(Records from a data collection)

*-*-*

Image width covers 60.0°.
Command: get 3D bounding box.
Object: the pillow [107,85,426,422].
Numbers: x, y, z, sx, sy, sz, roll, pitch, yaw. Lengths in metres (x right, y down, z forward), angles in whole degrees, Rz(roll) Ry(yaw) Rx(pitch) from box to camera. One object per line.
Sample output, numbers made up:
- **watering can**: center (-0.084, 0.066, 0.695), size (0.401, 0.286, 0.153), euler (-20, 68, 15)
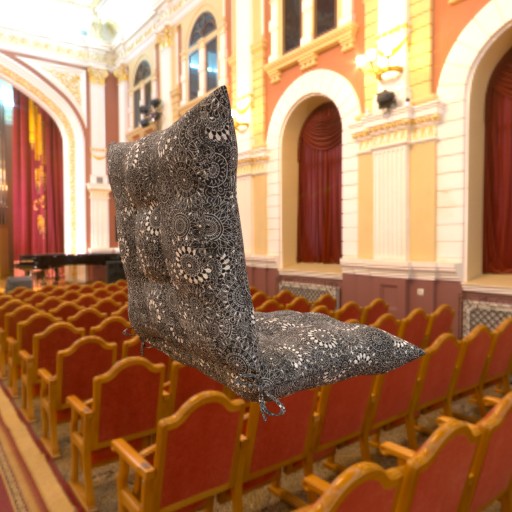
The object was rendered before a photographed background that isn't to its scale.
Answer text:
- **pillow**: center (0.000, 0.000, 1.008), size (0.585, 0.536, 0.541), euler (-1, 2, -37)

*-*-*

== INSTRUCTIONS TO FOLLOW ==
Repeat the lines exactly, starting with the line that contains "Numbers: x, y, z, sx, sy, sz, roll, pitch, yaw." and ending with the last line of the entries. Keep both of those lines but no pictures.

== REPLY ==
Numbers: x, y, z, sx, sy, sz, roll, pitch, yaw. Lengths in metres (x right, y down, z forward), angles in whole degrees, Rz(roll) Ry(yaw) Rx(pitch) from box to camera. One object per line.
Sample output, numbers made up:
- **watering can**: center (-0.084, 0.066, 0.695), size (0.401, 0.286, 0.153), euler (-20, 68, 15)
The object was rendered before a photographed background that isn't to its scale.
Answer text:
- **pillow**: center (0.000, 0.000, 1.008), size (0.585, 0.536, 0.541), euler (-1, 2, -37)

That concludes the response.